The results obtained by our method compare favourably with those recently presented in [8], who reported an average DSC score of \(0.94 \pm 0.02\). In the same work, the authors showed that their method obtained superior results compared with two other recent approaches to vertebra segmentation [10, 13].

5.4 3D Segmentation of Vertebrae

The method we have described can also be used to obtain 3D segmentations of vertebrae from individually segmented slices by modifying the way the location features are derived. To do this, the contour matching is first carried out on each slice of the image stack. We then use the M-estimator sample consensus (MSAC) [15] algorithm to remove poor contour matches by detecting and eliminating outliers. Outliers are determined based on the distance to their \(k\)-nearest neighbours in the set of matched contours and removed by fitting a polynomial curve through the set of inliers.

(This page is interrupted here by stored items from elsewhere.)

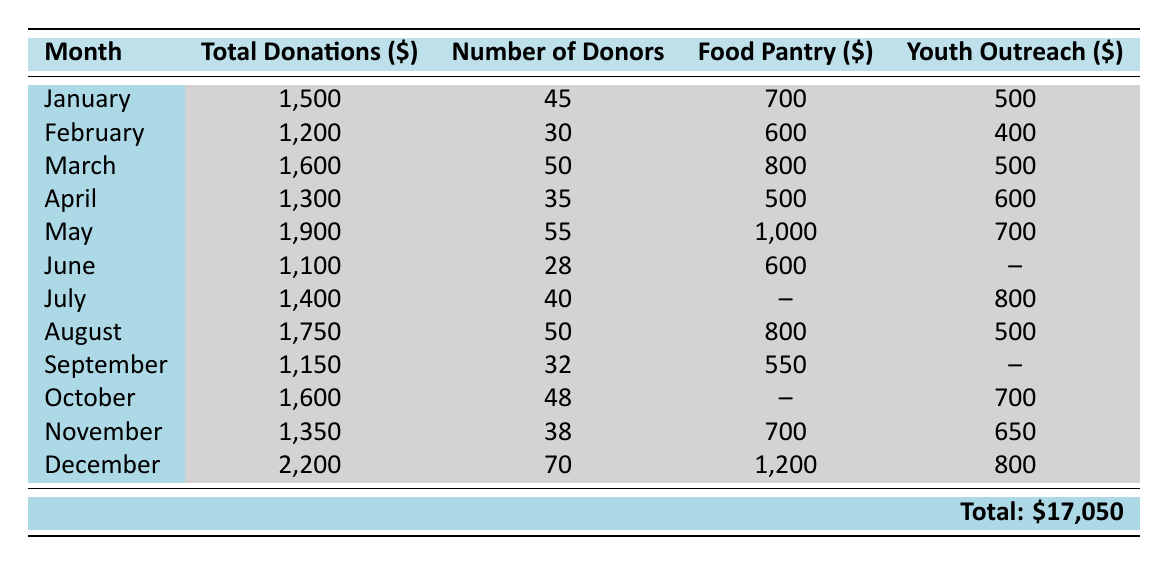What was the total amount collected in December 2023? The table shows that in December 2023, the total donations were listed as 2,200 dollars.
Answer: 2,200 How many donors contributed in March 2023? Referring to the table, March 2023 has 50 listed as the number of donors.
Answer: 50 What is the average amount donated to the Food Pantry from January to March 2023? The amounts donated to the Food Pantry are 700 (January) + 600 (February) + 800 (March) = 2,100. There are three months, so the average is 2,100 / 3 = 700.
Answer: 700 Did the total donations exceed 1,800 dollars in any month of 2023? Looking through the total donations, only December (2,200), May (1,900), and October (1,600) exceed 1,800 dollars, thereby confirming yes.
Answer: Yes What was the total amount donated to the Youth Outreach program in 2023? The donations for Youth Outreach are as follows: 500 (January) + 400 (February) + 500 (March) + 600 (April) + 700 (May) + 800 (July) + 500 (August) + 700 (October) + 650 (November) + 800 (December) = 5,150.
Answer: 5,150 Calculate the difference in the number of donors between the highest and lowest months in 2023. The highest number of donors is 70 in December and the lowest is 28 in June. The difference is 70 - 28 = 42.
Answer: 42 Which month had the highest total donations and what was the amount? Looking at the table, December has the highest total donations at 2,200 dollars.
Answer: December (2,200) Was the amount donated to the Senior Assistance program higher in August than in February? Checking the amounts, August received 450 and February received 200, indicating that August was indeed higher.
Answer: Yes How much was the total donations in the second half of the year (July to December)? The total donations from July (1,400), August (1,750), September (1,150), October (1,600), November (1,350), and December (2,200) are calculated as 1,400 + 1,750 + 1,150 + 1,600 + 1,350 + 2,200 = 9,450.
Answer: 9,450 What percentage of the total donations in the year went to the Food Pantry? The total donations for the year is 17,050 dollars, and the amount donated to Food Pantry is 700 + 600 + 800 + 500 + 1,000 + 600 + 800 + 550 + 1,200 = 6,300. The percentage is (6,300 / 17,050) * 100 ≈ 36.9%.
Answer: 36.9%

Location features analogous to the 2D case can then be derived from the correctly matched contours by computing the distance transform in 3D. Figure 3 shows an example 3D vertebra segmentation constructed from segmentations of the constituent slices.

Fig. 3
figure 3

The top figure shows a 3D segmentation of a lumbar vertebra (L2) constructed from segmentations of the constituent slices. The bottom figure shows the overlap between the CRF segmentation (cyan) and ground truth (magenta) (color figure online)

6 Conclusion

We presented an automatic approach for segmentation of vertebra slices from CT images. Our method avoids the requirement of explicit prior shape information and can therefore deal with a wide range of anatomical variation. The results demonstrate that consistently accurate segmentations can be obtained on each of the different lumbar vertebrae from a variety of subjects. Key to the effectiveness of this method is the learning of superpixel features from ground truth data for incorporation into the conditional random field, which in turn ensures spatial coherence. We note that much poorer performance is obtained with traditional features such as just intensity histograms. Finally, we note that this method may be extended to 3D segmentation in a straightforward way. Future work will aim to improve the results in 3D by operating on supervoxels rather than superpixels and by generalising the set of features to characterise the supervoxel regions.